Hydrogeological Risk Assessment for Groundwater Conservation in the Northeastern Slope Area of Mount Arjuno, Pasuruan Regency, East Java, Indonesia

https://doi.org/10.22146/ijg.59476

Sari Bahagiarti Kusumayudha(1*), Puji Pratiknyo(2), Herry Riswandi(3), Eni Muryani(4)

(1) Department of Geological Engineering, Faculty of Mineral Technology, Universitas Pembangunan Nasional Veteran Yogyakarta, Indonesia
(2) Department of Geological Engineering, Faculty of Mineral Technology, Universitas Pembangunan Nasional Veteran Yogyakarta, Indonesia
(3) Department of Geological Engineering, Faculty of Mineral Technology, Universitas Pembangunan Nasional Veteran Yogyakarta, Indonesia
(4) Department of Environmental Engineering, Faculty of Mineral Technology, Universitas Pembangunan Nasional Veteran Yogyakarta, Indonesia
(*) Corresponding Author

Abstract


The northeastern slope of Mount Arjuno, Pasuruan district, East Java province, Indonesia represents a vast and good groundwater resource quality, generally be exploited by some companies for drinking water industries.

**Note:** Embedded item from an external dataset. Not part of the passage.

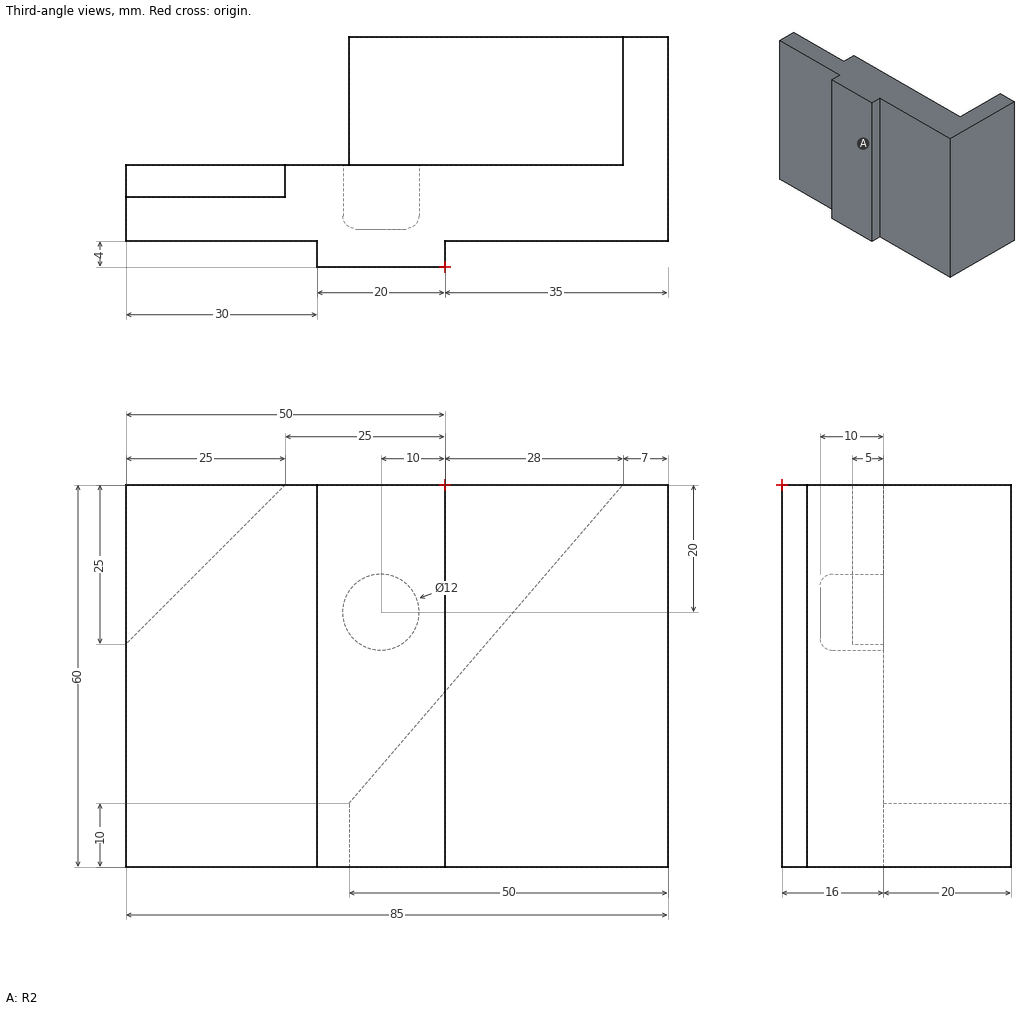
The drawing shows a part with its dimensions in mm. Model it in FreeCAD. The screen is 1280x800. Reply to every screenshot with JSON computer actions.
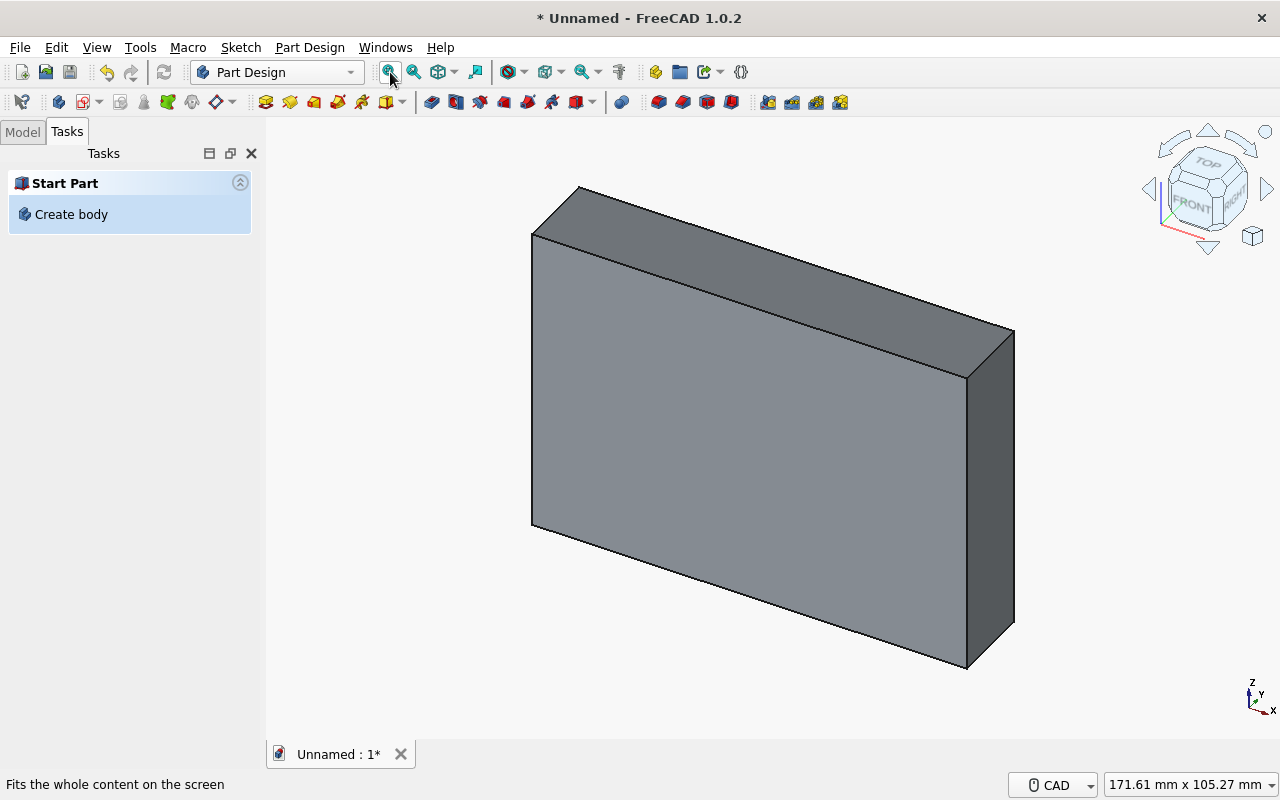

Water unbalance and quality degradation is presumed to arise because groundwater extraction volume is getting bigger but less control by the regency authority. This study is to figure out the geologic condition and hydrogeological system, conduct groundwater exploitation risk assessment, and develop a conservation program. The study results show that the study area's geomorphological units can be divided into the volcanic summit, volcanic slope, fluvial plain, and anticlinal hills. The lithology comprises sandstone, breccia, and andesite lava of Mount Arjuno and Mount Welirang. The geological structures are anticline, normal fault, and lateral slip fault. Hydrologically, there are three watersheds, including Lumbangrejo, Ketanireng, and Prigen watersheds. The aquifers comprise unconfined to semi-confined aquifers with fissures and intergranular porosity. Based on risk assessment valuation, Pecalukan village of the Ketanireng watershed and Lumbangrejo village of the Lumbangrejo watershed are categorized as very high groundwater vulnerability zones, Karangrejo and Sukoreno villages of the Lumbangrejo watershed, Kedungringin, Kepulungan, and Gunungsari villages of the Ketanireng watershed are categorized as medium vulnerability zone. While, Ngorong village of the Lumbangrejo watershed, Gempeng, Oro-Ombo, Kalisat, and Dukuhsari villages of the Prigen watershed belong to the low vulnerability zone. The proposed conservation programs involve profitable water use safety campaigns, domestic waste, and industrial wastewater management, agricultural activities controlling, sandstone mining regulation, and reforestation.

 


Keywords


Groundwater unbalance; quality degradation; risk assessment; conservation.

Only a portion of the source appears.